%%
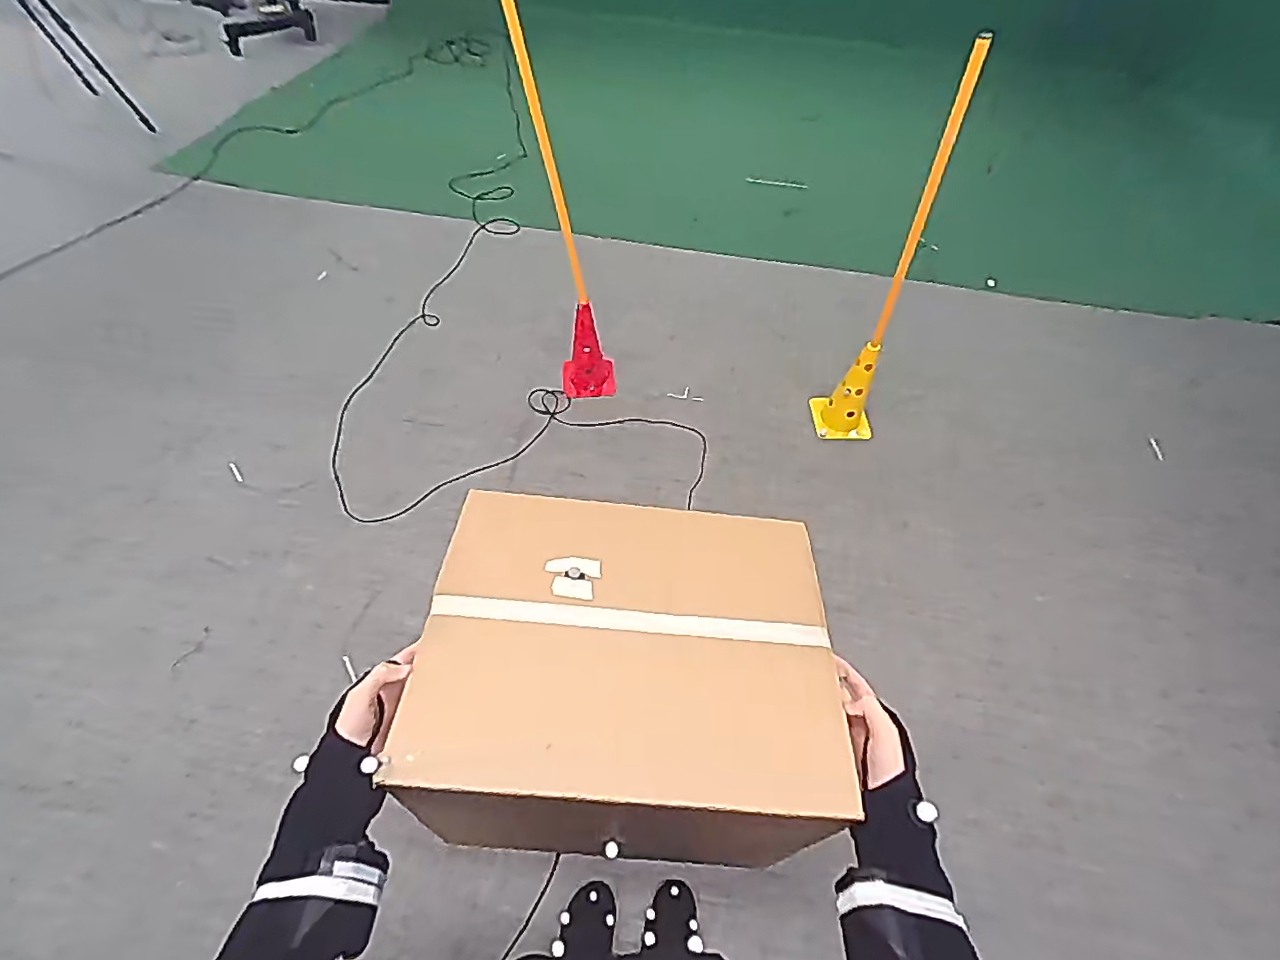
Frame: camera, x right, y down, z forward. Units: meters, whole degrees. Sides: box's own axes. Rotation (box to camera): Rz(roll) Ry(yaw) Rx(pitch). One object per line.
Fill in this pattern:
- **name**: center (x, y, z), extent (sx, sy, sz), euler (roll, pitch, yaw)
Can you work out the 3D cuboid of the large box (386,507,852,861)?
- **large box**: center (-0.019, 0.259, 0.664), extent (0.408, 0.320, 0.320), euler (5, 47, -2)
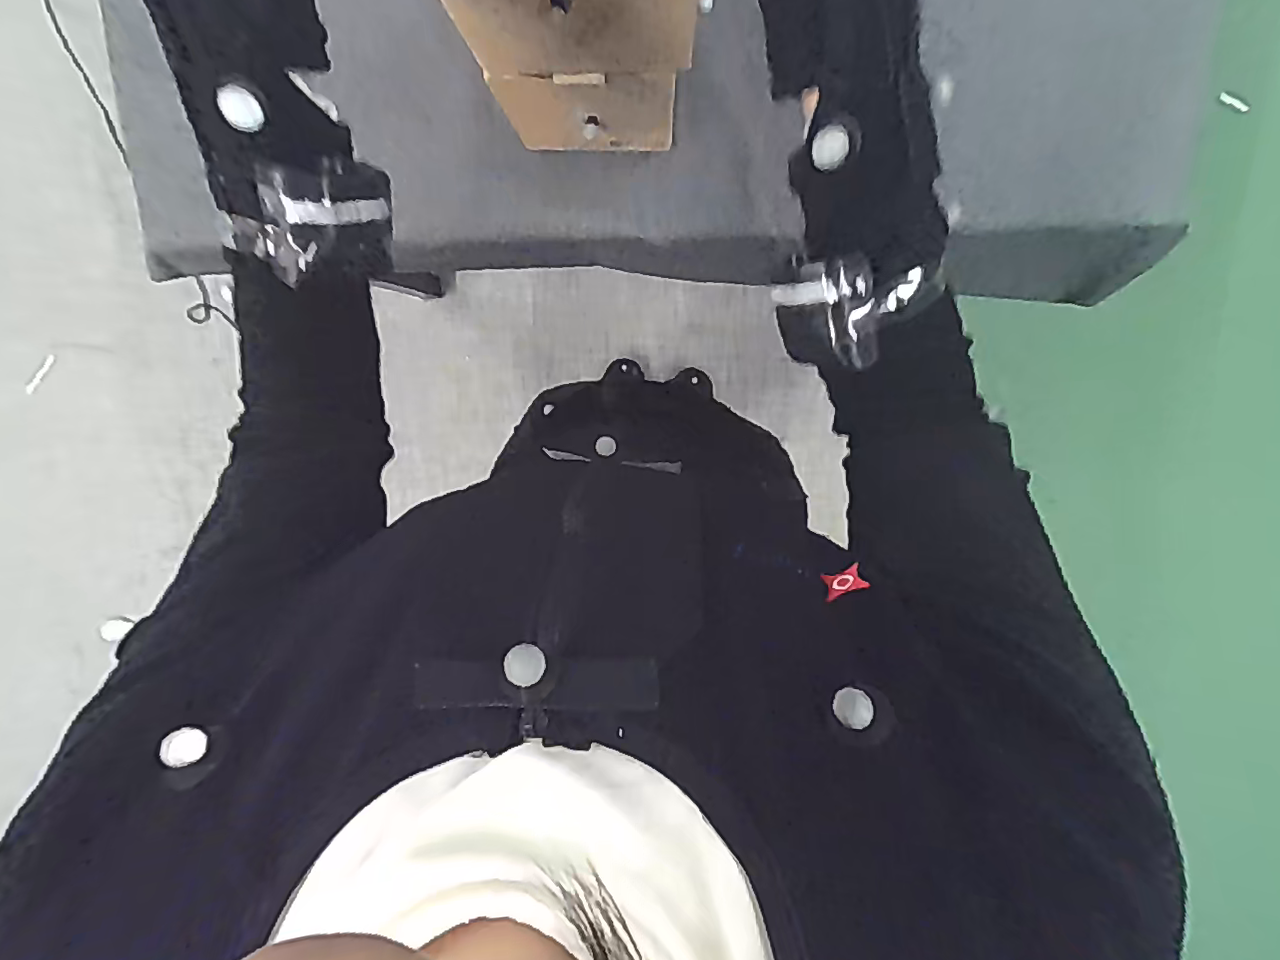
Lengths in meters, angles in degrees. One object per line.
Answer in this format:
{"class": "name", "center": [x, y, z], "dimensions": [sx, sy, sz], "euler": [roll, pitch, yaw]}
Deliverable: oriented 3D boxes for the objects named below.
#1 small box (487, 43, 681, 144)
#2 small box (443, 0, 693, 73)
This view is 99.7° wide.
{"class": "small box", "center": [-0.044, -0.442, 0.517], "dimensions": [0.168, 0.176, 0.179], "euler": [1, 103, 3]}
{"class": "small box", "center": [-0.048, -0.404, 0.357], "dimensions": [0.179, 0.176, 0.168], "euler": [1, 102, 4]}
%%
§ TASK DESCRIPTION
Write out every entry exactly. Pictures do not belong in the copy.

§ ANSWER FOR THE TASK
Frame: camera, x right, y down, z forward. Units: meters, whole degrees. Sides: box's own axes. Rotation (box to camera): Rz(roll) Ry(yaw) Rx(pitch). One object per line.
Fill in this pattern:
- **name**: center (x, y, z), extent (sx, sy, sz), euler (roll, pitch, yaw)
Can you work out the 3D cuboid of the large box (386,507,852,861)?
- **large box**: center (-0.019, 0.259, 0.664), extent (0.408, 0.320, 0.320), euler (5, 47, -2)
Lengths in meters, angles in degrees. One object per line.
Answer in this format:
{"class": "name", "center": [x, y, z], "dimensions": [sx, sy, sz], "euler": [roll, pitch, yaw]}
Deliverable: oriented 3D boxes for the objects named below.
#1 small box (487, 43, 681, 144)
#2 small box (443, 0, 693, 73)
This view is 99.7° wide.
{"class": "small box", "center": [-0.044, -0.442, 0.517], "dimensions": [0.168, 0.176, 0.179], "euler": [1, 103, 3]}
{"class": "small box", "center": [-0.048, -0.404, 0.357], "dimensions": [0.179, 0.176, 0.168], "euler": [1, 102, 4]}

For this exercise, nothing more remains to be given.